For example, Kappe and van der Flier [] reported that intelligence accounted for 5% of the variance in students’ GPAs, while Farsides and Woodfield [] reported 4% of final grade being explained by intelligence. The relation between intelligence and scholastic achievement is expected to be lower at university level than at lower levels of education [, ], because of the restricted range of the population at university level []. Furthermore, it is interesting that GK was not a significant predictor of AP. Lack of this association might be due to the construction of TOIM, the GK measure used in this study. As already described in the Method section, TOIM is constructed to reflect knowledge different from that acquired in school. The lack of association between GK and AP in this study could mean that knowledge acquired in a general academic high-school programme, as offered by gymnasiums, could be far more relevant for performance at university. Download Buku Komputer Sd. Moreover, the introduction of personality traits increased the predictive and incremental validity of AP prediction, which was in line with previous findings [,,,, ].
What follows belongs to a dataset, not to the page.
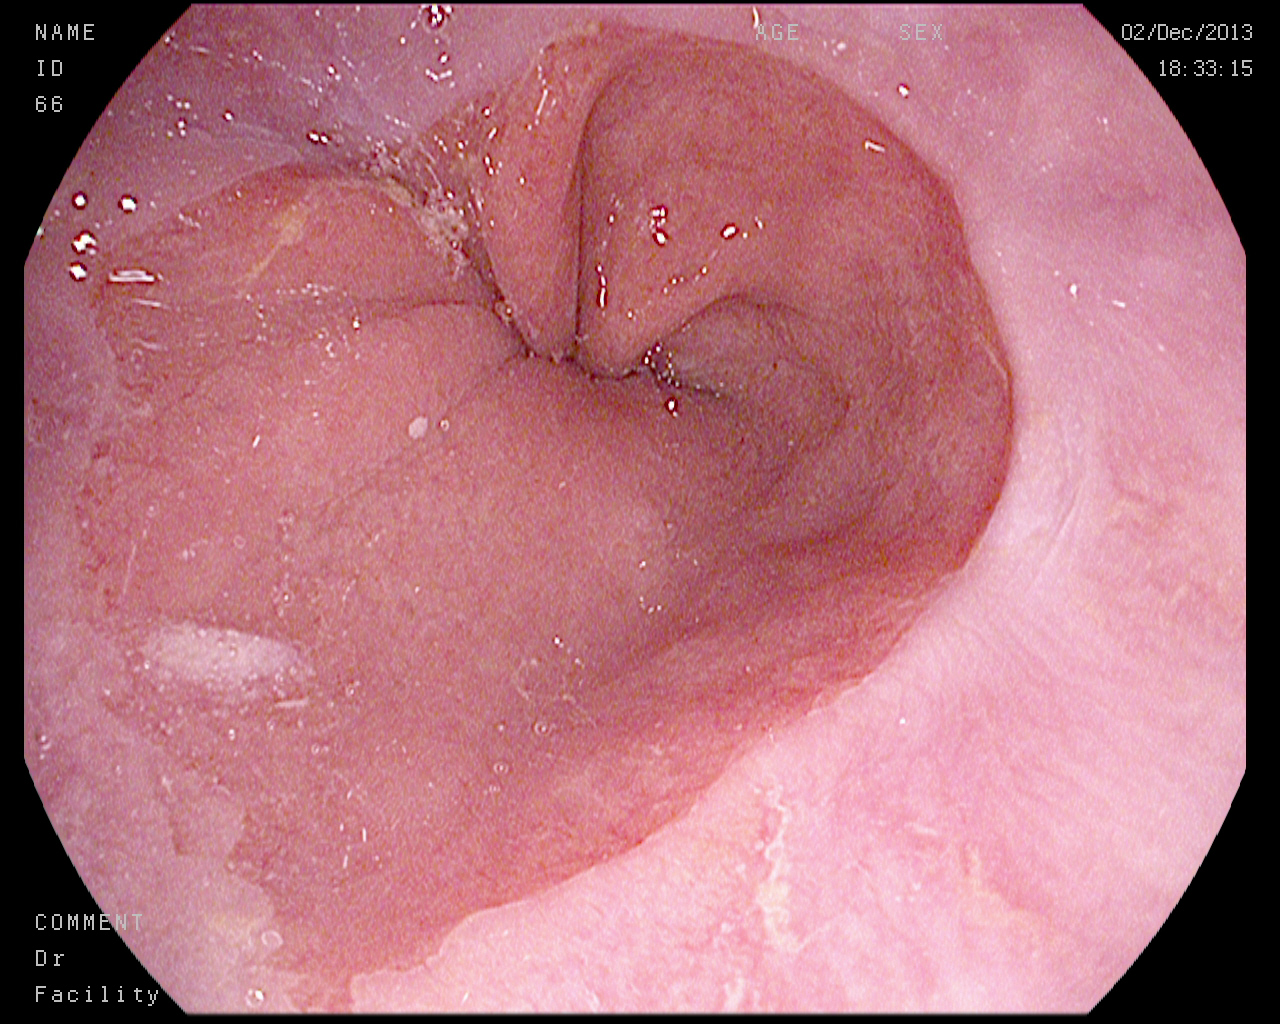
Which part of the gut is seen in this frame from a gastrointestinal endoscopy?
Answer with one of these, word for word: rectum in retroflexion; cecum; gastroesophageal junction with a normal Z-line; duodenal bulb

gastroesophageal junction with a normal Z-line
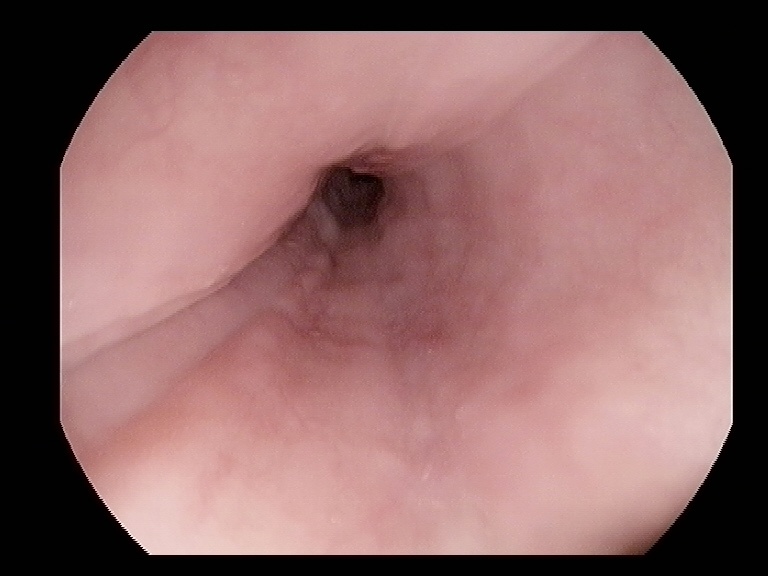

Psychoticism was found to be negatively related to AP. This is among the most consistent findings regarding the Gigantic Three personality traits and AP [,, ].

Individuals high on Psychoticism often show behaviour such as poor cooperation with the group, have weak organizational skills, and exhibit low achievement motivation. It is also argued that Psychoticism can serve as a proxy measure for low conscientiousness [], a Big Five trait that usually accounts for a substantial amount of variance in AP [, ]. Extraversion was also shown to be negatively related to AP, which is in line with previous findings [, ]. While pupils may benefit from a higher Extraversion level, it seems that this trait can obstruct performance in academic tasks. Extraverts might tend to spend more time socializing than studying, and could be more easily distracted from studying, thus having lower probability of university graduation. The results did not reveal a significant relation between Neuroticism and AP in this study.

In a number of studies, a negative relationship between Neuroticism and AP has been demonstrated [, ]. One possible explanation for the absence of this relation in the present study might be related to the method of measuring AP. AP is often measured through maximum-performance tasks (e.g.

Test scores). In that context, the negative emotionality that comes with high Neuroticism (e.g.

Test anxiety) may negatively influence performance. However, university graduation is not a maximum-performance measure, and the effects of Neuroticism may be reduced when scholastic tasks are spread over several years. Neurotic students with high levels of motivation may demonstrate several behaviours for overcoming difficulties caused by anxiety: they can learn more, make an efficient plan for attending exams, or take more than one exam for the same course and improve their performance. Researchers have usually used a narrower operationalization of AP. University graduation is a result of several (usually four or five) years of studying, during which students must accomplish various academic tasks and pass numerous exams.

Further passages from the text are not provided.